Each entry should be duplicated verbatim; its pictures should not be.

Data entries
Start of Block
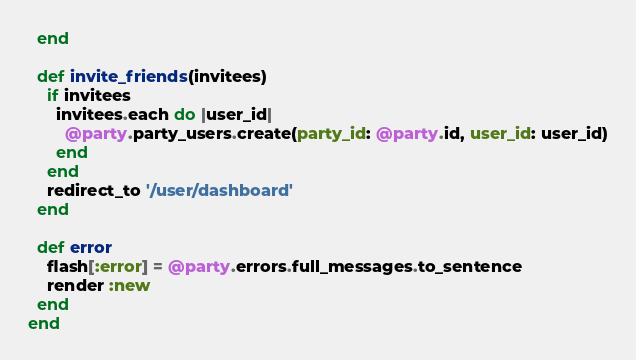<code> <loc_0><loc_0><loc_500><loc_500><_Ruby_>  end

  def invite_friends(invitees)
    if invitees
      invitees.each do |user_id|
        @party.party_users.create(party_id: @party.id, user_id: user_id)
      end
    end
    redirect_to '/user/dashboard'
  end

  def error
    flash[:error] = @party.errors.full_messages.to_sentence
    render :new
  end
end
</code> 
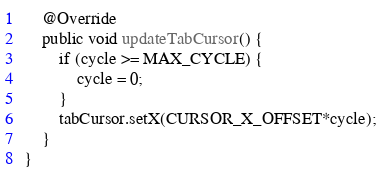<code> <loc_0><loc_0><loc_500><loc_500><_Java_>
    @Override
    public void updateTabCursor() {
        if (cycle >= MAX_CYCLE) {
            cycle = 0;
        }
        tabCursor.setX(CURSOR_X_OFFSET*cycle);
    }
}
</code>
End of Block
▶ _Solution below_:
<code> <loc_0><loc_0><loc_500><loc_500><_Ruby_>  end

  def invite_friends(invitees)
    if invitees
      invitees.each do |user_id|
        @party.party_users.create(party_id: @party.id, user_id: user_id)
      end
    end
    redirect_to '/user/dashboard'
  end

  def error
    flash[:error] = @party.errors.full_messages.to_sentence
    render :new
  end
end
</code> 
<code> <loc_0><loc_0><loc_500><loc_500><_Java_>
    @Override
    public void updateTabCursor() {
        if (cycle >= MAX_CYCLE) {
            cycle = 0;
        }
        tabCursor.setX(CURSOR_X_OFFSET*cycle);
    }
}
</code>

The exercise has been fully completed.